How to Deal with Reciprocity Failure

Compensating long exposure times


Law of Reciprocity: an increase of brightness by a certain factor (controlled by the aperture) is exactly compensated by a decrease of exposure time by the same factor.

Essentially, the Law of Reciprocity tells us that if you open the aperture by one stop and increase the shutter speed by one stop you will maintain the same exposure value. This law remains true up to a point but, the longer film is exposed to light the less responsive it becomes.

An exposure is made when light, a stream of discrete photons, interacts (hits) the light-sensitive grains (silver halide crystals) of the film. Each grain on the film needs to absorb a certain number of photons before a reaction takes place and an image starts to form. In low light conditions an insufficient number of photons will reach the film in time to complete the reaction. Once too few photons reach the emulsion the response from the silver halide to light is no longer linear which means that a longer exposure time is required. This is Reciprocity Failure - when the Law of Reciprocity goes tits up.

Reciprocity failure means that the film becomes slower over time, behaving as if it had a lower ISO value. The effect of this on black and white film is under-exposure... you will produce a "thin" negative if you don't compensate with a longer exposure time. With colour film you will likely also see a colour shift, probably a magenta cast over the image, this will need to be filtered out for printing.

Fortunately, it isn't difficult to calculate a new, compensated exposure time to correct the reciprocity failure.

Unfortunately, every film emulsion reacts differently and so the compensated exposure for each film needs to be calculated individually.

Fujifilm's Acros 100 is barely affected by reciprocity failure, exposures between two minutes and sixteen minutes simply require an additional 1/2 stop of exposure time.
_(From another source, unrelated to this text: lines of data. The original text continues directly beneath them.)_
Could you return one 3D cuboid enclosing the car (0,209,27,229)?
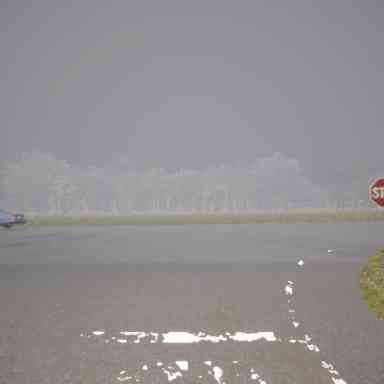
[{"bbox_3d":[-13.848,1.761,21.926,5.357,1.411,2.033,-1,-3,1],"label":"car"}]
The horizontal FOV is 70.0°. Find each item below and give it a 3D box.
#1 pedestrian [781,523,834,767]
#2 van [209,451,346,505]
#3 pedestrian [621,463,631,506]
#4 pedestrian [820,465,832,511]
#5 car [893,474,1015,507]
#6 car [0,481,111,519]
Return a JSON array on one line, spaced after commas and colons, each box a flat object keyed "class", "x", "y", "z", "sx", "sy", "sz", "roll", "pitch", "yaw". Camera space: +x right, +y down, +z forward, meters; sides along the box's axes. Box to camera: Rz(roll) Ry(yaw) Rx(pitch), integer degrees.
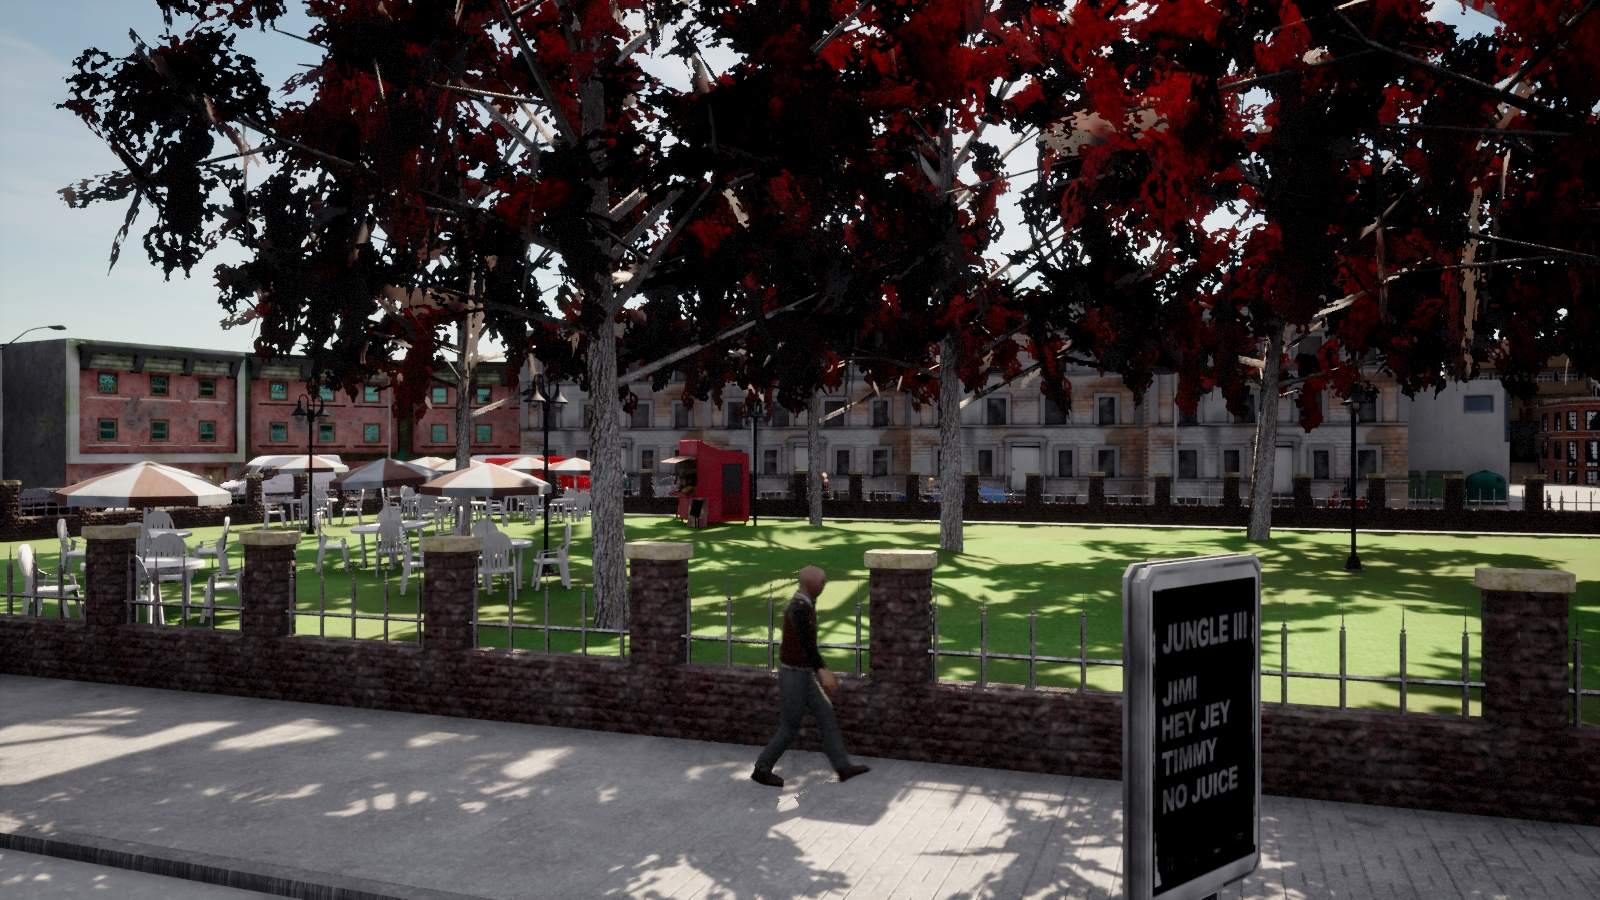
[{"class": "pedestrian", "x": 0.063, "y": 1.523, "z": 9.050, "sx": 0.375, "sy": 1.860, "sz": 0.375, "roll": 0, "pitch": 0, "yaw": 8}, {"class": "van", "x": -25.737, "y": 1.315, "z": 56.494, "sx": 1.988, "sy": 2.561, "sz": 5.915, "roll": 0, "pitch": 0, "yaw": 39}, {"class": "pedestrian", "x": -7.662, "y": 1.526, "z": 50.324, "sx": 0.375, "sy": 1.860, "sz": 0.375, "roll": 0, "pitch": 0, "yaw": 5}, {"class": "pedestrian", "x": 1.059, "y": 1.525, "z": 46.553, "sx": 0.375, "sy": 1.860, "sz": 0.375, "roll": 0, "pitch": 0, "yaw": 20}, {"class": "car", "x": 7.220, "y": 1.886, "z": 53.635, "sx": 5.357, "sy": 1.411, "sz": 2.033, "roll": 0, "pitch": 0, "yaw": 20}, {"class": "car", "x": -30.204, "y": 1.935, "z": 45.364, "sx": 1.895, "sy": 1.301, "sz": 4.718, "roll": 0, "pitch": 0, "yaw": 20}]
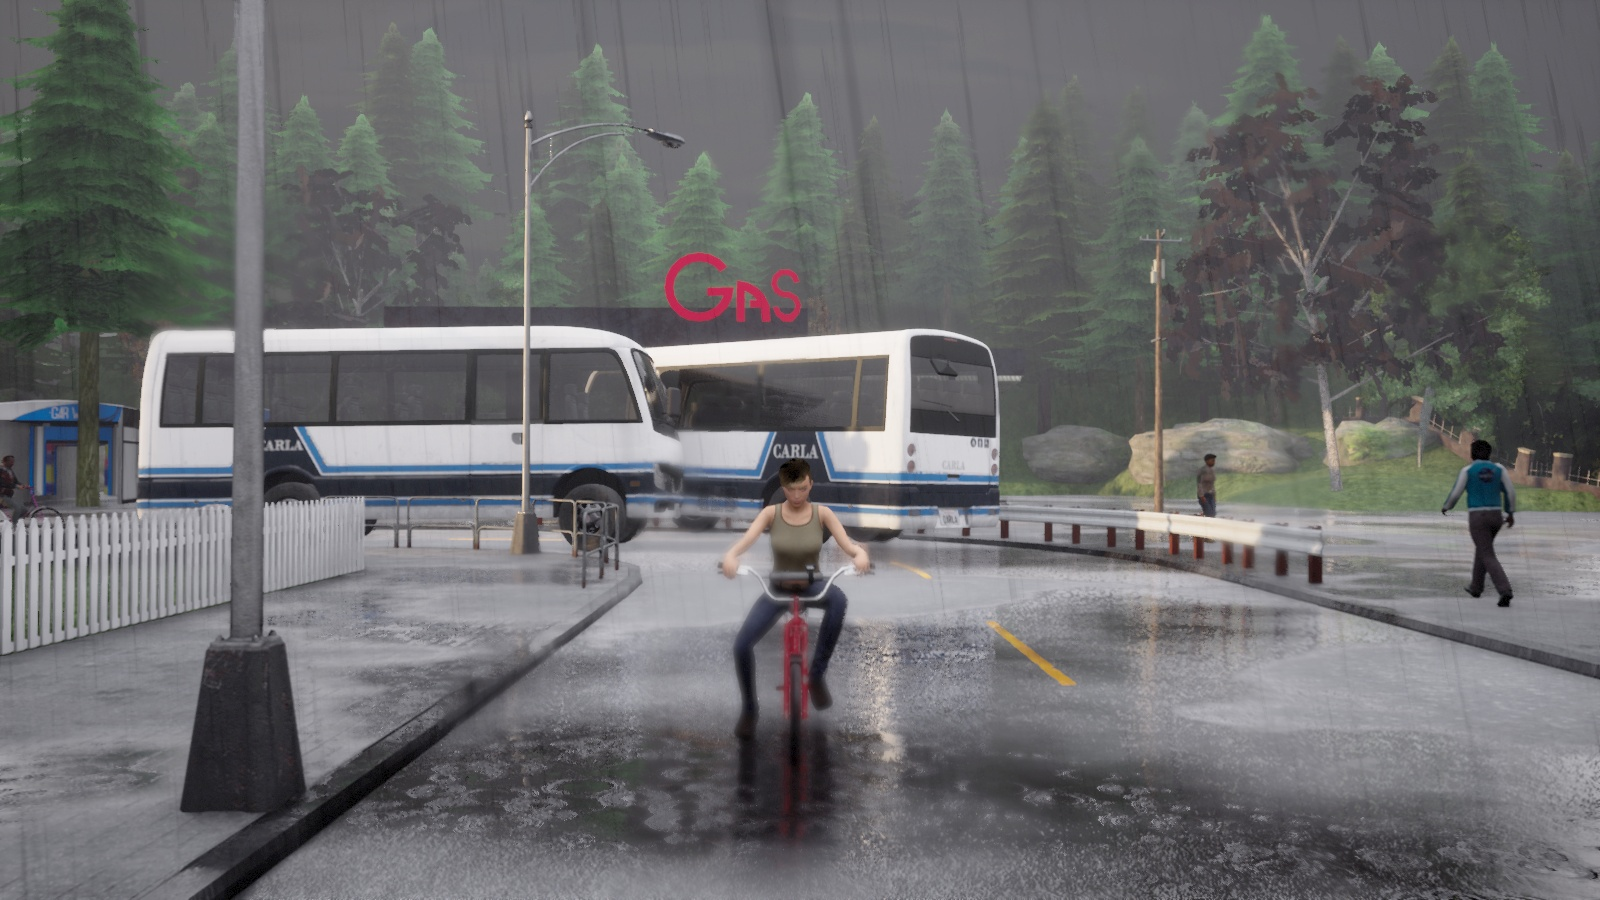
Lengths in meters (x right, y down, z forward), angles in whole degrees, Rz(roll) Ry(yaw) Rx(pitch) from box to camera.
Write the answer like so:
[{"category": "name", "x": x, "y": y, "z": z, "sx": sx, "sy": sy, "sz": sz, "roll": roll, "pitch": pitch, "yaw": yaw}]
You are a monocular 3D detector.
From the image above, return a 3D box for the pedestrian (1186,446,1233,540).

Fomapan 100, on the other hand, requires a one stop adjustment after just one second of exposure.

Every film will have a datasheet to specify the exposure compensation for that particular emulsion. I keep a file on my phone that contains adjusted exposure times for the film stocks that I regularly use. This probably isn't ideal as I need to estimate the compensated time when the metered time isn't specified in my notes. Not really a big deal though as I'm not particularly fussy about exposure times, as long as I err on the side of over-exposure (I usually only shoot negative film). If you shoot transparency film you need to be more accurate.
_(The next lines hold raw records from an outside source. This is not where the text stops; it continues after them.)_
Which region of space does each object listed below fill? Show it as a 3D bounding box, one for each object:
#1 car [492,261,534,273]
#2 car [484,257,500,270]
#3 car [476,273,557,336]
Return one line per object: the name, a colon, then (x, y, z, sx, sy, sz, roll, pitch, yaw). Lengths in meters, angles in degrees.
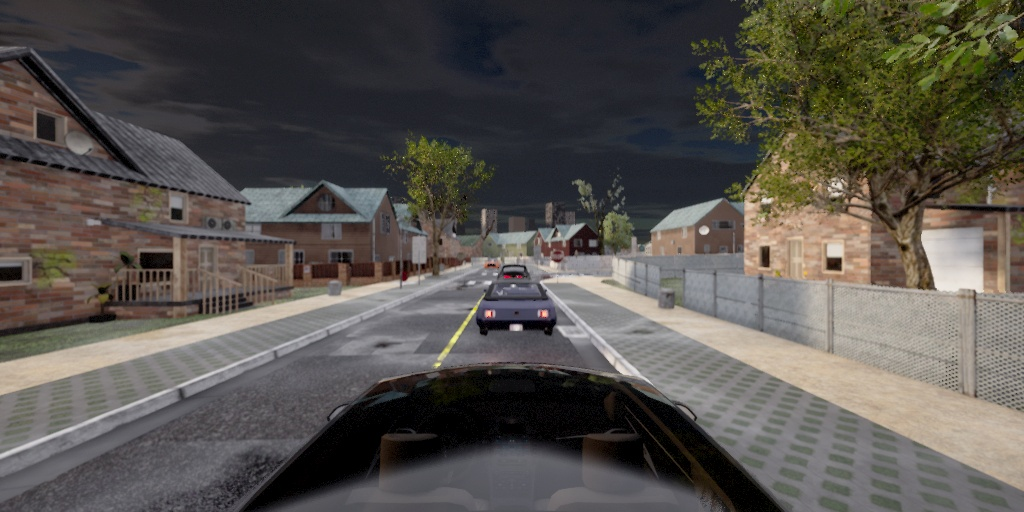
car: (0.150, 1.222, 20.271, 1.837, 1.490, 4.892, 0, 0, 2)
car: (-2.854, 0.993, 51.457, 2.097, 1.767, 4.553, 0, 0, 0)
car: (0.098, 1.337, 10.357, 1.895, 1.301, 4.718, 0, 0, 0)
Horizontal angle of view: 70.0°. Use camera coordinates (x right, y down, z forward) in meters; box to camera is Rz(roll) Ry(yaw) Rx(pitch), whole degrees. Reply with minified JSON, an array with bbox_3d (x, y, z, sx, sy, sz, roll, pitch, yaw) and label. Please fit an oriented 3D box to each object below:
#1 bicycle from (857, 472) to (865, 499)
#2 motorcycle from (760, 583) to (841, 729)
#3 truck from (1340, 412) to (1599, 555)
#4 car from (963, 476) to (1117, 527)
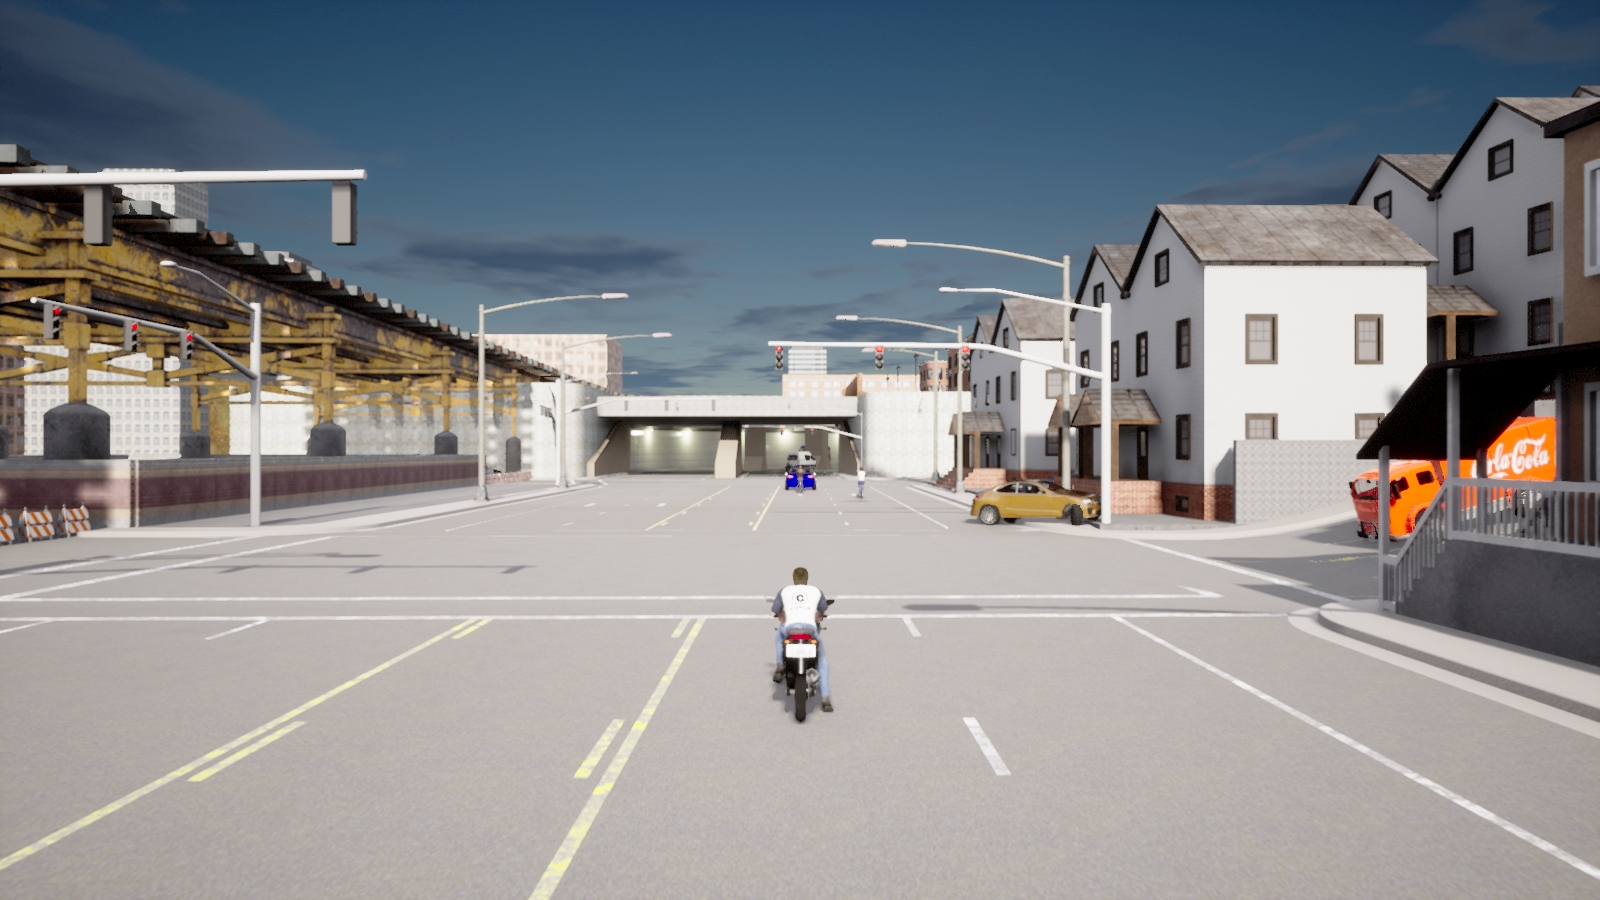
[{"bbox_3d":[3.529,2.032,65.824,0.373,1.521,1.643,0,0,0],"label":"bicycle"},{"bbox_3d":[0.007,2.171,12.409,0.803,1.224,2.033,0,0,0],"label":"motorcycle"},{"bbox_3d":[18.378,0.884,31.573,5.204,2.467,2.627,-16,0,-1],"label":"truck"},{"bbox_3d":[8.829,1.910,42.239,5.027,1.651,2.152,-3,0,36],"label":"car"}]

There are some phone apps that can calculate the compensated time for you, you just select the film you are using and input the metered time. You could also print out a chart to keep in your camera bag, whatever works for you.

Here are examples of two films showing the metered times and corrected times:

Metered TimeAdjusted Times
 Ilford HP5+Kodak Ektar 100
2"2.5"2"
4"6"4"
8"15"8"
15"35"20"
30"1'30"40"
1'3'30"1'50"
2'9'4'
4'22'9'

As you can see from the above chart, Ektar 100 requires no compensation under eight seconds exposure time while HP5 Plus needs 1/3 extra stop after only two seconds. A four minute exposure on HP5 Plus blows out to 22 minutes or nine minutes for Ektar.

One side effect of increasing the exposure time can be an increase in contrast. This can be offset somewhat by reducing the development time (pulling the film).

You really need to experiment with adjusted times for both exposure and development to find something that works for you and can produce consistent results. If you do much long exposure work it is worthwhile sticking to one particular emulsion and learning its characteristics.